Data excerpts
-- -- --
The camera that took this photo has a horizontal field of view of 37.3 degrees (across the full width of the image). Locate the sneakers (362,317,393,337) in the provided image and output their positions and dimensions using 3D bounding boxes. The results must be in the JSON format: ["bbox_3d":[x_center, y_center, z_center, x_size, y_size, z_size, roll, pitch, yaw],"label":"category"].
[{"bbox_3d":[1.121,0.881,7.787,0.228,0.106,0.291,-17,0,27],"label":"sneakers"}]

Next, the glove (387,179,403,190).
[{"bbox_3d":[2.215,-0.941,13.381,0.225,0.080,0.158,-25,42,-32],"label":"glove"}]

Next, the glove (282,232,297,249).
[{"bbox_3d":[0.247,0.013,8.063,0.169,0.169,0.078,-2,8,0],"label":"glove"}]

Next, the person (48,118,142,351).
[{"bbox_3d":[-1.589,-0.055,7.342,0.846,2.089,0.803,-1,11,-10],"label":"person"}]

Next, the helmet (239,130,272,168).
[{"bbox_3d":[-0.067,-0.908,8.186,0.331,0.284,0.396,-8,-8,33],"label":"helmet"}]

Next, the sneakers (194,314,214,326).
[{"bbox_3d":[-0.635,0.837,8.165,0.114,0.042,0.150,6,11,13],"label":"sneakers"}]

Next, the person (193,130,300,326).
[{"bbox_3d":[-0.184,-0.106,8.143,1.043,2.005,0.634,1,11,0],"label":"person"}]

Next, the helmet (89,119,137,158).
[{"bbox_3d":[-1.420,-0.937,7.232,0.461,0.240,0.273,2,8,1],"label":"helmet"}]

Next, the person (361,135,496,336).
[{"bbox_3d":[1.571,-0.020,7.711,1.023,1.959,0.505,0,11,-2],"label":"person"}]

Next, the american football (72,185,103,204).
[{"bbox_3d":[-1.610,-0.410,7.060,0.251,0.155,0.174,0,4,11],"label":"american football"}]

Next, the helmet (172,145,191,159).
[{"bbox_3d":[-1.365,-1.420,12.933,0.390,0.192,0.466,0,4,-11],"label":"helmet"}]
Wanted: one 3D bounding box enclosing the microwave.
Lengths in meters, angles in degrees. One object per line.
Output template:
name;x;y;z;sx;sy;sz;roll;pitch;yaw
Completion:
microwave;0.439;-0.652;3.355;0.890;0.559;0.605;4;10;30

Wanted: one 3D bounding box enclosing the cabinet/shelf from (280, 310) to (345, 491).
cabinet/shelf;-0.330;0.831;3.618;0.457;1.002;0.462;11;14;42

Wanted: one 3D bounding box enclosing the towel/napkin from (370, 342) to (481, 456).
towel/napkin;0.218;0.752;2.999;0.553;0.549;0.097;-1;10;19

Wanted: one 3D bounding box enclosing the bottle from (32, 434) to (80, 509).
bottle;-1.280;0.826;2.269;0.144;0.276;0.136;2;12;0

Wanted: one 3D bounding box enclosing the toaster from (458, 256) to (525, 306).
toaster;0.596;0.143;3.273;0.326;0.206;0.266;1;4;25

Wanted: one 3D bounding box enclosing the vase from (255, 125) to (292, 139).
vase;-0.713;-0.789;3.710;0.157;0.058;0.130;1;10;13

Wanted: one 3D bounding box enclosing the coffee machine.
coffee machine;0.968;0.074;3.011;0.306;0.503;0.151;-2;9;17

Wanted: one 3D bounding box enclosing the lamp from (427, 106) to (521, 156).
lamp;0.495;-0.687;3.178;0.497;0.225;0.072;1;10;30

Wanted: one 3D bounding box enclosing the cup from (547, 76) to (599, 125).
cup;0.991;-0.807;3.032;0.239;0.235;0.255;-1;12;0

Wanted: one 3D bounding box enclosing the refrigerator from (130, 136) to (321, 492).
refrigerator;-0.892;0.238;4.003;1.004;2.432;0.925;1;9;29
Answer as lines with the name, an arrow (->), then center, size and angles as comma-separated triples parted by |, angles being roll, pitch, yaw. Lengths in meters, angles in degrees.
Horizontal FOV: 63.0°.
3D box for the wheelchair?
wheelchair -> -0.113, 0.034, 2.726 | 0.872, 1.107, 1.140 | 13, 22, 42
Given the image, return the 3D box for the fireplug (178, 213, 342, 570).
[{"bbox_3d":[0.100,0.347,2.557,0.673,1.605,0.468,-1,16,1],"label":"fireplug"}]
-- -- --
:: To do ::
Could you return all of the data exactly as written?

:: Completed task ::
The camera that took this photo has a horizontal field of view of 37.3 degrees (across the full width of the image). Locate the sneakers (362,317,393,337) in the provided image and output their positions and dimensions using 3D bounding boxes. The results must be in the JSON format: ["bbox_3d":[x_center, y_center, z_center, x_size, y_size, z_size, roll, pitch, yaw],"label":"category"].
[{"bbox_3d":[1.121,0.881,7.787,0.228,0.106,0.291,-17,0,27],"label":"sneakers"}]

Next, the glove (387,179,403,190).
[{"bbox_3d":[2.215,-0.941,13.381,0.225,0.080,0.158,-25,42,-32],"label":"glove"}]

Next, the glove (282,232,297,249).
[{"bbox_3d":[0.247,0.013,8.063,0.169,0.169,0.078,-2,8,0],"label":"glove"}]

Next, the person (48,118,142,351).
[{"bbox_3d":[-1.589,-0.055,7.342,0.846,2.089,0.803,-1,11,-10],"label":"person"}]

Next, the helmet (239,130,272,168).
[{"bbox_3d":[-0.067,-0.908,8.186,0.331,0.284,0.396,-8,-8,33],"label":"helmet"}]

Next, the sneakers (194,314,214,326).
[{"bbox_3d":[-0.635,0.837,8.165,0.114,0.042,0.150,6,11,13],"label":"sneakers"}]

Next, the person (193,130,300,326).
[{"bbox_3d":[-0.184,-0.106,8.143,1.043,2.005,0.634,1,11,0],"label":"person"}]

Next, the helmet (89,119,137,158).
[{"bbox_3d":[-1.420,-0.937,7.232,0.461,0.240,0.273,2,8,1],"label":"helmet"}]

Next, the person (361,135,496,336).
[{"bbox_3d":[1.571,-0.020,7.711,1.023,1.959,0.505,0,11,-2],"label":"person"}]

Next, the american football (72,185,103,204).
[{"bbox_3d":[-1.610,-0.410,7.060,0.251,0.155,0.174,0,4,11],"label":"american football"}]

Next, the helmet (172,145,191,159).
[{"bbox_3d":[-1.365,-1.420,12.933,0.390,0.192,0.466,0,4,-11],"label":"helmet"}]
Wanted: one 3D bounding box enclosing the microwave.
Lengths in meters, angles in degrees. One object per line.
Output template:
name;x;y;z;sx;sy;sz;roll;pitch;yaw
Completion:
microwave;0.439;-0.652;3.355;0.890;0.559;0.605;4;10;30

Wanted: one 3D bounding box enclosing the cabinet/shelf from (280, 310) to (345, 491).
cabinet/shelf;-0.330;0.831;3.618;0.457;1.002;0.462;11;14;42

Wanted: one 3D bounding box enclosing the towel/napkin from (370, 342) to (481, 456).
towel/napkin;0.218;0.752;2.999;0.553;0.549;0.097;-1;10;19

Wanted: one 3D bounding box enclosing the bottle from (32, 434) to (80, 509).
bottle;-1.280;0.826;2.269;0.144;0.276;0.136;2;12;0

Wanted: one 3D bounding box enclosing the toaster from (458, 256) to (525, 306).
toaster;0.596;0.143;3.273;0.326;0.206;0.266;1;4;25

Wanted: one 3D bounding box enclosing the vase from (255, 125) to (292, 139).
vase;-0.713;-0.789;3.710;0.157;0.058;0.130;1;10;13

Wanted: one 3D bounding box enclosing the coffee machine.
coffee machine;0.968;0.074;3.011;0.306;0.503;0.151;-2;9;17

Wanted: one 3D bounding box enclosing the lamp from (427, 106) to (521, 156).
lamp;0.495;-0.687;3.178;0.497;0.225;0.072;1;10;30

Wanted: one 3D bounding box enclosing the cup from (547, 76) to (599, 125).
cup;0.991;-0.807;3.032;0.239;0.235;0.255;-1;12;0

Wanted: one 3D bounding box enclosing the refrigerator from (130, 136) to (321, 492).
refrigerator;-0.892;0.238;4.003;1.004;2.432;0.925;1;9;29
Answer as lines with the name, an arrow (->), then center, size and angles as comma-separated triples parted by |, angles being roll, pitch, yaw. Lengths in meters, angles in degrees.
Horizontal FOV: 63.0°.
3D box for the wheelchair?
wheelchair -> -0.113, 0.034, 2.726 | 0.872, 1.107, 1.140 | 13, 22, 42
Given the image, return the 3D box for the fireplug (178, 213, 342, 570).
[{"bbox_3d":[0.100,0.347,2.557,0.673,1.605,0.468,-1,16,1],"label":"fireplug"}]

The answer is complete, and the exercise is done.